• Records supplied
════════════════════

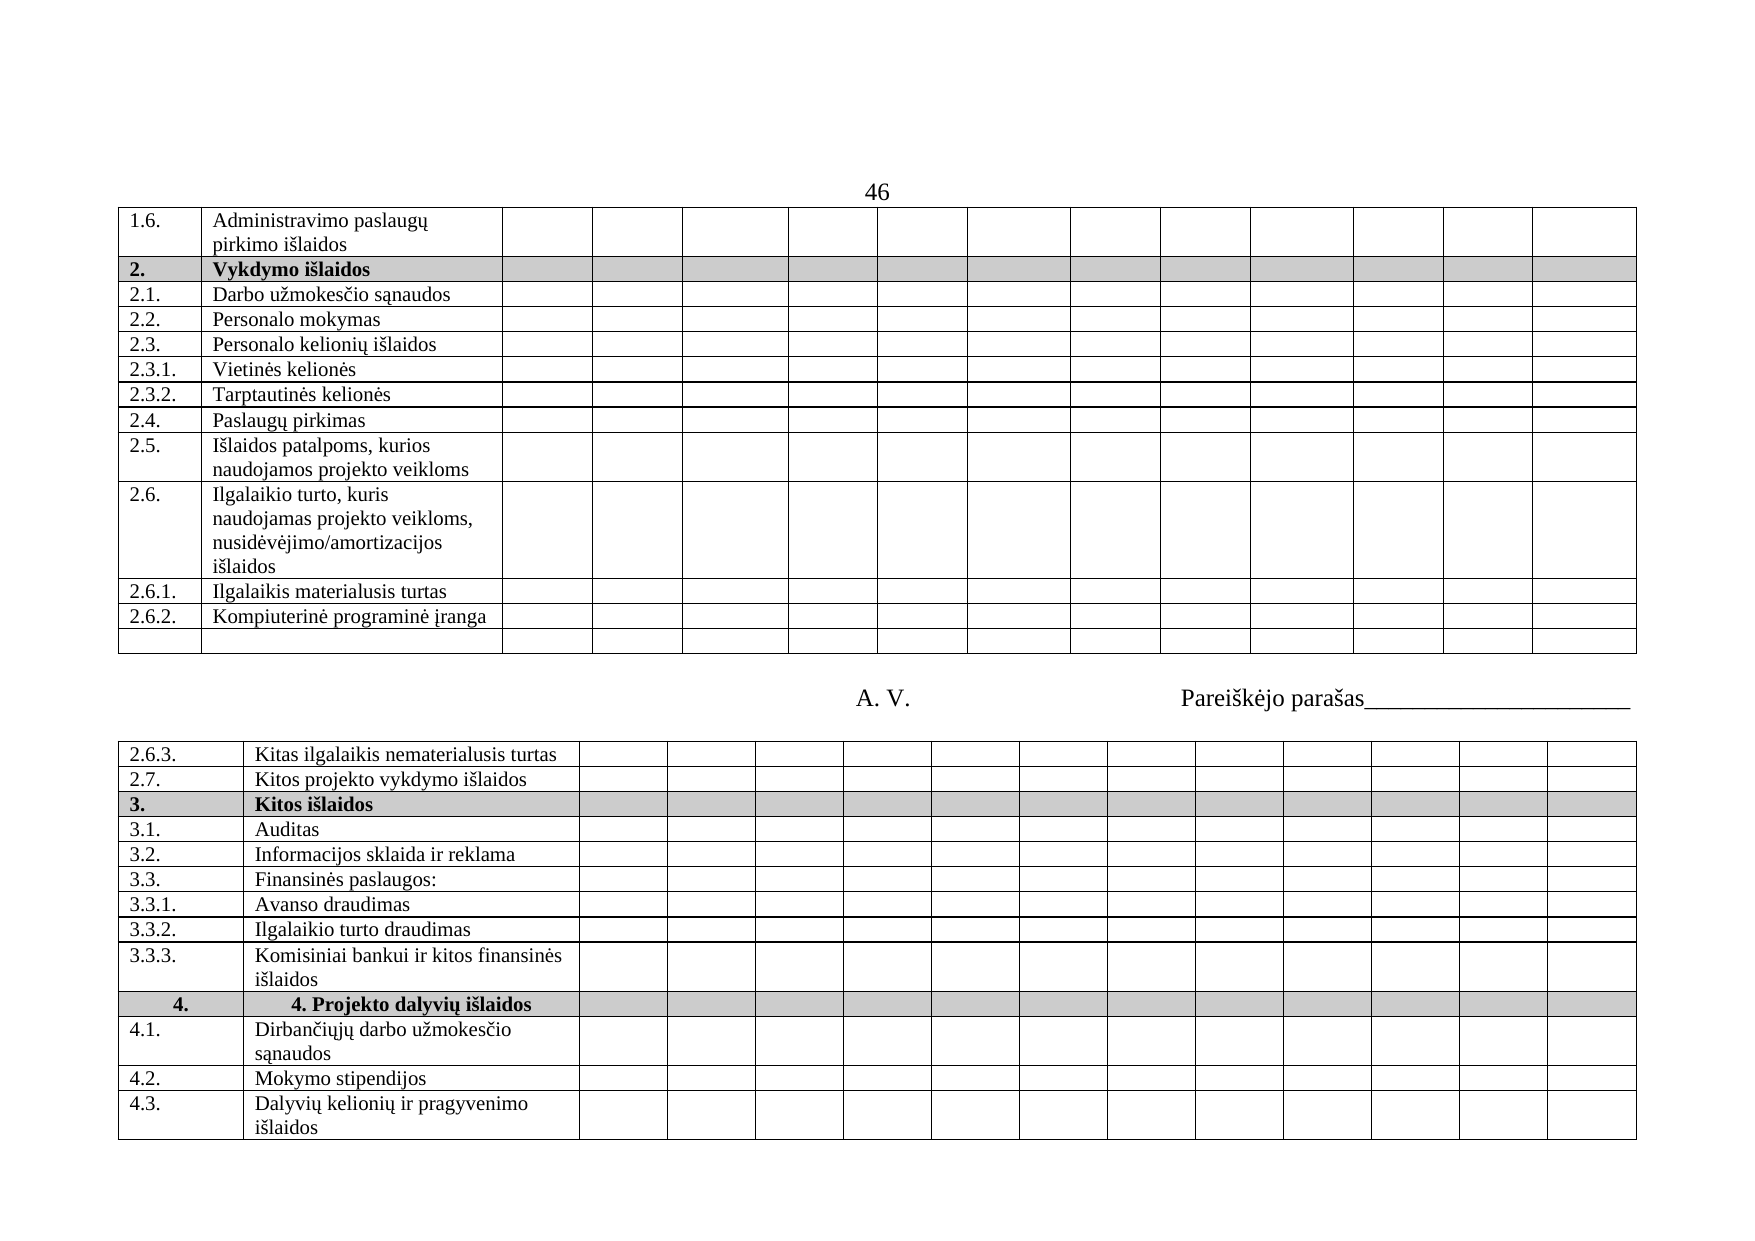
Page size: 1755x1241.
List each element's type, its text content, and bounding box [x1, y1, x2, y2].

table_cell [1444, 257, 1532, 281]
table_cell 2. [119, 257, 201, 281]
table_cell [789, 208, 877, 256]
table_cell [932, 867, 1019, 891]
table_cell [593, 579, 682, 603]
table_cell [1460, 792, 1547, 816]
table_cell [844, 1066, 931, 1090]
table_cell [1108, 817, 1195, 841]
table_cell [580, 767, 667, 791]
table_cell [1251, 433, 1353, 481]
table_cell [878, 604, 967, 628]
table_cell [844, 1017, 931, 1065]
table_cell [1161, 332, 1250, 356]
table_cell [1533, 208, 1636, 256]
table_cell Avanso draudimas [244, 892, 579, 916]
table_cell [1460, 1091, 1547, 1139]
table_cell [1020, 1066, 1107, 1090]
table_header Kitas ilgalaikis nematerialusis turtas [244, 742, 579, 766]
table_cell [1196, 767, 1283, 791]
table_cell [1372, 1066, 1459, 1090]
table_cell [789, 629, 877, 653]
table_cell [593, 408, 682, 432]
text A. V. Pareiškėjo parašas [118, 683, 1636, 712]
table_cell [593, 307, 682, 331]
table_cell [1444, 383, 1532, 406]
table_cell [1444, 408, 1532, 432]
table_cell [1161, 579, 1250, 603]
table_cell [668, 1017, 755, 1065]
table_cell [1354, 579, 1443, 603]
table_cell [1372, 867, 1459, 891]
table_cell [593, 332, 682, 356]
table_cell [683, 208, 788, 256]
table_cell [1444, 332, 1532, 356]
table_cell [968, 257, 1070, 281]
table_cell Dalyvių kelionių ir pragyvenimo išlaidos [244, 1091, 579, 1139]
table_header [1020, 742, 1107, 766]
table_cell [503, 257, 592, 281]
table_cell [1372, 1091, 1459, 1139]
table_cell [756, 892, 843, 916]
table_cell [1284, 792, 1371, 816]
table_cell [1020, 918, 1107, 941]
table_header [1196, 742, 1283, 766]
table_cell [1444, 357, 1532, 381]
table_cell Ilgalaikio turto, kuris naudojamas projekto veikloms, nusidėvėjimo/amortizacijos išlaidos [202, 482, 502, 578]
table_cell [878, 579, 967, 603]
table_cell [1533, 579, 1636, 603]
table_cell [756, 1017, 843, 1065]
table_cell Informacijos sklaida ir reklama [244, 842, 579, 866]
table_cell [756, 992, 843, 1016]
table_cell [683, 433, 788, 481]
table_cell [1020, 992, 1107, 1016]
table_cell [1108, 943, 1195, 991]
table_cell [1533, 357, 1636, 381]
table_cell [593, 383, 682, 406]
table_cell [683, 579, 788, 603]
table_cell [593, 257, 682, 281]
table_cell [593, 357, 682, 381]
table_cell [1071, 629, 1160, 653]
table_cell [756, 817, 843, 841]
table_cell [1548, 943, 1636, 991]
table_cell [668, 767, 755, 791]
table_cell 1.6. [119, 208, 201, 256]
table_cell [1071, 433, 1160, 481]
table_cell [683, 357, 788, 381]
table_cell 2.2. [119, 307, 201, 331]
table_cell [1251, 408, 1353, 432]
table_cell Kompiuterinė programinė įranga [202, 604, 502, 628]
table_cell [878, 482, 967, 578]
table_header [580, 742, 667, 766]
table_cell [1251, 357, 1353, 381]
table_cell 3.3.3. [119, 943, 243, 991]
table_header [1372, 742, 1459, 766]
table_cell [1196, 1017, 1283, 1065]
table_cell [932, 1091, 1019, 1139]
table_cell [878, 433, 967, 481]
table_cell Kitos projekto vykdymo išlaidos [244, 767, 579, 791]
table_cell [1548, 842, 1636, 866]
table_cell 2.3.2. [119, 383, 201, 406]
table_header [844, 742, 931, 766]
table_cell [878, 282, 967, 306]
table_cell Vykdymo išlaidos [202, 257, 502, 281]
table_cell [1372, 767, 1459, 791]
table_cell [1071, 208, 1160, 256]
table_cell [1071, 604, 1160, 628]
table_cell [503, 332, 592, 356]
table_cell [668, 918, 755, 941]
table_cell [1161, 433, 1250, 481]
table_cell [756, 1091, 843, 1139]
table_cell [1354, 433, 1443, 481]
table_cell [1372, 943, 1459, 991]
table_cell 2.3. [119, 332, 201, 356]
table_cell 2.6. [119, 482, 201, 578]
table_cell [1533, 408, 1636, 432]
table_cell Tarptautinės kelionės [202, 383, 502, 406]
table_cell [503, 383, 592, 406]
table_cell [932, 1066, 1019, 1090]
table_cell Paslaugų pirkimas [202, 408, 502, 432]
table_cell [1533, 307, 1636, 331]
table_cell [1284, 943, 1371, 991]
table_cell [1251, 208, 1353, 256]
table_cell [1196, 918, 1283, 941]
table_cell [1444, 629, 1532, 653]
table_cell [968, 357, 1070, 381]
table_cell [683, 257, 788, 281]
table_cell [1020, 1017, 1107, 1065]
table_cell [1460, 992, 1547, 1016]
table_cell [968, 629, 1070, 653]
table_cell [1020, 767, 1107, 791]
table_cell [756, 767, 843, 791]
table_cell [593, 482, 682, 578]
table_cell [844, 918, 931, 941]
table_cell [1161, 604, 1250, 628]
table_cell [1196, 892, 1283, 916]
table_cell [580, 1017, 667, 1065]
table_header [668, 742, 755, 766]
table_cell [1284, 892, 1371, 916]
table_cell [1161, 307, 1250, 331]
table_cell 3.3.1. [119, 892, 243, 916]
table_cell [756, 842, 843, 866]
table_cell [1533, 482, 1636, 578]
table_cell Vietinės kelionės [202, 357, 502, 381]
table_cell [1372, 918, 1459, 941]
table_cell [789, 332, 877, 356]
table_cell [668, 892, 755, 916]
table_cell [878, 629, 967, 653]
table_cell [1108, 1017, 1195, 1065]
table_cell [503, 482, 592, 578]
table_cell [1020, 792, 1107, 816]
table_cell [968, 383, 1070, 406]
table_cell [1071, 408, 1160, 432]
table_header [1284, 742, 1371, 766]
table_cell [1161, 408, 1250, 432]
table_cell [789, 604, 877, 628]
table_cell [789, 257, 877, 281]
table_header [932, 742, 1019, 766]
table_cell [668, 842, 755, 866]
table_cell Personalo mokymas [202, 307, 502, 331]
table_cell [1444, 579, 1532, 603]
table_cell [1533, 282, 1636, 306]
table_cell [1284, 842, 1371, 866]
table_cell [580, 992, 667, 1016]
table_cell [683, 383, 788, 406]
table_cell [1108, 992, 1195, 1016]
table_cell [1548, 892, 1636, 916]
table_cell [1460, 1017, 1547, 1065]
table_cell [1533, 629, 1636, 653]
table_cell [1108, 867, 1195, 891]
table_cell [683, 282, 788, 306]
table_cell [1460, 943, 1547, 991]
table_cell 4.2. [119, 1066, 243, 1090]
table_cell 3.2. [119, 842, 243, 866]
table_cell [878, 357, 967, 381]
table_cell [1533, 257, 1636, 281]
table_cell [1460, 892, 1547, 916]
table_cell [1548, 792, 1636, 816]
table_cell [593, 208, 682, 256]
table_cell [1251, 629, 1353, 653]
table_cell [1354, 357, 1443, 381]
table_cell [1372, 892, 1459, 916]
table_cell [202, 629, 502, 653]
table_cell [844, 842, 931, 866]
table_cell 2.4. [119, 408, 201, 432]
table_cell [503, 408, 592, 432]
table_cell [1161, 482, 1250, 578]
table_cell [668, 992, 755, 1016]
table_cell [789, 383, 877, 406]
table_cell [932, 918, 1019, 941]
table_cell [1196, 1091, 1283, 1139]
table_cell [1071, 307, 1160, 331]
table_cell [1284, 918, 1371, 941]
table_cell [1372, 792, 1459, 816]
table_cell [1284, 1066, 1371, 1090]
table_cell [593, 604, 682, 628]
table_cell 3.1. [119, 817, 243, 841]
table_cell [683, 332, 788, 356]
table_cell [1108, 1066, 1195, 1090]
table_cell [668, 792, 755, 816]
table_cell [668, 1066, 755, 1090]
table_cell [1071, 482, 1160, 578]
table_cell [932, 767, 1019, 791]
table_cell [1196, 992, 1283, 1016]
table_cell [1161, 357, 1250, 381]
table_cell [580, 842, 667, 866]
table_cell [119, 629, 201, 653]
table_cell [1444, 208, 1532, 256]
table_cell [844, 817, 931, 841]
table_cell [1020, 842, 1107, 866]
table_cell 4. [119, 992, 243, 1016]
table_cell [789, 433, 877, 481]
table_cell [580, 918, 667, 941]
table_cell [668, 867, 755, 891]
table_cell [1020, 1091, 1107, 1139]
table_cell Darbo užmokesčio sąnaudos [202, 282, 502, 306]
table_cell [503, 208, 592, 256]
table_cell Dirbančiųjų darbo užmokesčio sąnaudos [244, 1017, 579, 1065]
table_cell [1251, 482, 1353, 578]
table_cell [1108, 1091, 1195, 1139]
table_cell [1196, 842, 1283, 866]
table_cell [1071, 357, 1160, 381]
table_cell [932, 792, 1019, 816]
table_cell [1196, 943, 1283, 991]
table_cell [580, 1066, 667, 1090]
table_cell [1372, 992, 1459, 1016]
table_cell [1161, 629, 1250, 653]
table_cell [1548, 867, 1636, 891]
table_cell [932, 992, 1019, 1016]
table_cell [968, 208, 1070, 256]
table_header [756, 742, 843, 766]
table_cell [1548, 1091, 1636, 1139]
table_cell [503, 307, 592, 331]
table_cell [1460, 767, 1547, 791]
table_cell Administravimo paslaugų pirkimo išlaidos [202, 208, 502, 256]
table_cell [503, 629, 592, 653]
table_cell [756, 867, 843, 891]
table_cell [1548, 1017, 1636, 1065]
table_cell [1108, 918, 1195, 941]
table_header [1548, 742, 1636, 766]
table_cell [844, 992, 931, 1016]
table_header 2.6.3. [119, 742, 243, 766]
table_cell 2.6.1. [119, 579, 201, 603]
table_cell 4. Projekto dalyvių išlaidos [244, 992, 579, 1016]
table_cell Auditas [244, 817, 579, 841]
table_cell [1460, 817, 1547, 841]
table_cell [1284, 867, 1371, 891]
table_cell [580, 943, 667, 991]
table_cell [1251, 257, 1353, 281]
table_cell [968, 482, 1070, 578]
table_cell [878, 307, 967, 331]
table_cell [580, 792, 667, 816]
table_cell [1196, 1066, 1283, 1090]
table_cell [1533, 383, 1636, 406]
table_cell [1354, 629, 1443, 653]
table_cell [1196, 867, 1283, 891]
table_cell [668, 1091, 755, 1139]
table_cell [503, 433, 592, 481]
table_cell [1354, 604, 1443, 628]
table_cell [683, 629, 788, 653]
table_cell [580, 892, 667, 916]
table_cell [844, 892, 931, 916]
table_cell [1071, 332, 1160, 356]
table_cell [932, 817, 1019, 841]
table_cell [1354, 408, 1443, 432]
table_cell [1071, 257, 1160, 281]
table_cell [878, 408, 967, 432]
table_cell [1548, 817, 1636, 841]
table_cell [968, 433, 1070, 481]
table_cell [1161, 257, 1250, 281]
table_cell [580, 817, 667, 841]
table_cell Ilgalaikis materialusis turtas [202, 579, 502, 603]
table_cell 2.1. [119, 282, 201, 306]
table_cell [756, 1066, 843, 1090]
table_cell [756, 918, 843, 941]
table_cell 4.1. [119, 1017, 243, 1065]
table_cell [844, 867, 931, 891]
table_cell [1354, 482, 1443, 578]
table_cell [789, 357, 877, 381]
table_cell [1548, 767, 1636, 791]
table_cell [932, 943, 1019, 991]
table_cell 2.3.1. [119, 357, 201, 381]
table_cell 3. [119, 792, 243, 816]
table_cell [1460, 867, 1547, 891]
table_cell [1372, 842, 1459, 866]
table_cell [1354, 208, 1443, 256]
table_cell [1251, 604, 1353, 628]
table_cell [878, 208, 967, 256]
table_cell [1533, 332, 1636, 356]
table_cell [1372, 817, 1459, 841]
table_cell [968, 332, 1070, 356]
table_cell Finansinės paslaugos: [244, 867, 579, 891]
table_cell [1251, 307, 1353, 331]
table_cell [878, 332, 967, 356]
table_cell [968, 307, 1070, 331]
table_cell 3.3.2. [119, 918, 243, 941]
table_cell [756, 943, 843, 991]
table_cell Mokymo stipendijos [244, 1066, 579, 1090]
table_cell [1020, 817, 1107, 841]
table_cell [1251, 332, 1353, 356]
table_cell [1354, 332, 1443, 356]
table_cell [1354, 383, 1443, 406]
table_cell [1284, 767, 1371, 791]
table_cell [1284, 1091, 1371, 1139]
table_header [1460, 742, 1547, 766]
table_cell [932, 1017, 1019, 1065]
table_cell [683, 307, 788, 331]
table_cell [1354, 257, 1443, 281]
table_cell [1444, 482, 1532, 578]
table_cell [1196, 817, 1283, 841]
table_cell 4.3. [119, 1091, 243, 1139]
table_cell Išlaidos patalpoms, kurios naudojamos projekto veikloms [202, 433, 502, 481]
table_cell [1444, 307, 1532, 331]
table_cell [1284, 1017, 1371, 1065]
table_header [1108, 742, 1195, 766]
table_cell [968, 604, 1070, 628]
table_cell [1548, 1066, 1636, 1090]
table_cell [844, 943, 931, 991]
table_cell [1548, 918, 1636, 941]
table_cell Personalo kelionių išlaidos [202, 332, 502, 356]
table_cell [968, 282, 1070, 306]
table_cell [1548, 992, 1636, 1016]
table_cell [789, 408, 877, 432]
table_cell [593, 629, 682, 653]
table_cell [1161, 383, 1250, 406]
table_cell [668, 817, 755, 841]
table_cell [1251, 383, 1353, 406]
table_cell [1444, 604, 1532, 628]
table_cell [1284, 817, 1371, 841]
table_cell 2.7. [119, 767, 243, 791]
table_cell [503, 579, 592, 603]
table_cell [580, 867, 667, 891]
table_cell [1444, 282, 1532, 306]
table_cell [1196, 792, 1283, 816]
table_cell [503, 357, 592, 381]
table_cell Ilgalaikio turto draudimas [244, 918, 579, 941]
table_cell Komisiniai bankui ir kitos finansinės išlaidos [244, 943, 579, 991]
table_cell [683, 408, 788, 432]
table_cell [1108, 892, 1195, 916]
table_cell 3.3. [119, 867, 243, 891]
table_cell [683, 482, 788, 578]
table_cell [878, 257, 967, 281]
table_cell [1354, 307, 1443, 331]
table_cell [1251, 579, 1353, 603]
table_cell [1071, 282, 1160, 306]
table_cell [1071, 383, 1160, 406]
table_cell [1533, 604, 1636, 628]
table_cell [503, 604, 592, 628]
table_cell [1460, 918, 1547, 941]
table_cell Kitos išlaidos [244, 792, 579, 816]
table_cell [593, 433, 682, 481]
table_cell [503, 282, 592, 306]
table_cell [1372, 1017, 1459, 1065]
table_cell [968, 408, 1070, 432]
table_cell [668, 943, 755, 991]
table_cell [789, 579, 877, 603]
table_cell [789, 307, 877, 331]
table_cell [1354, 282, 1443, 306]
table_cell [593, 282, 682, 306]
table_cell [1108, 792, 1195, 816]
table_cell [1071, 579, 1160, 603]
table_cell [1020, 892, 1107, 916]
table_cell [844, 767, 931, 791]
table_cell [1284, 992, 1371, 1016]
table_cell [1020, 943, 1107, 991]
table_cell [1444, 433, 1532, 481]
table_cell [844, 792, 931, 816]
table_cell [1161, 208, 1250, 256]
table_cell [1108, 767, 1195, 791]
table_cell [789, 482, 877, 578]
table_cell 2.6.2. [119, 604, 201, 628]
table_cell [932, 842, 1019, 866]
table_cell [968, 579, 1070, 603]
table_cell [756, 792, 843, 816]
table_cell [1460, 842, 1547, 866]
table_cell [789, 282, 877, 306]
table_cell [1251, 282, 1353, 306]
table_cell [580, 1091, 667, 1139]
table_cell 2.5. [119, 433, 201, 481]
table_cell [1460, 1066, 1547, 1090]
table_cell [1020, 867, 1107, 891]
table_cell [844, 1091, 931, 1139]
table_cell [1533, 433, 1636, 481]
table_cell [1108, 842, 1195, 866]
table_cell [1161, 282, 1250, 306]
table_cell [878, 383, 967, 406]
table_cell [683, 604, 788, 628]
table_cell [932, 892, 1019, 916]

════════════════════

• Goal of the exercise
Reproduce exactly the stretch of the material above that starts at the line with "table_cell [932, 792, 1019, 816]" and ends at the line with "table_cell [1108, 918, 1195, 941]", both included, and nothing else.

• Written answer
table_cell [932, 792, 1019, 816]
table_cell [1196, 943, 1283, 991]
table_cell [580, 1066, 667, 1090]
table_cell [1372, 992, 1459, 1016]
table_cell [1161, 629, 1250, 653]
table_cell [1548, 867, 1636, 891]
table_cell [932, 992, 1019, 1016]
table_cell [968, 208, 1070, 256]
table_header [756, 742, 843, 766]
table_cell [1548, 1091, 1636, 1139]
table_cell [503, 307, 592, 331]
table_cell [1460, 767, 1547, 791]
table_cell Administravimo paslaugų pirkimo išlaidos [202, 208, 502, 256]
table_cell [503, 629, 592, 653]
table_cell [756, 867, 843, 891]
table_cell [1548, 1017, 1636, 1065]
table_cell [1108, 918, 1195, 941]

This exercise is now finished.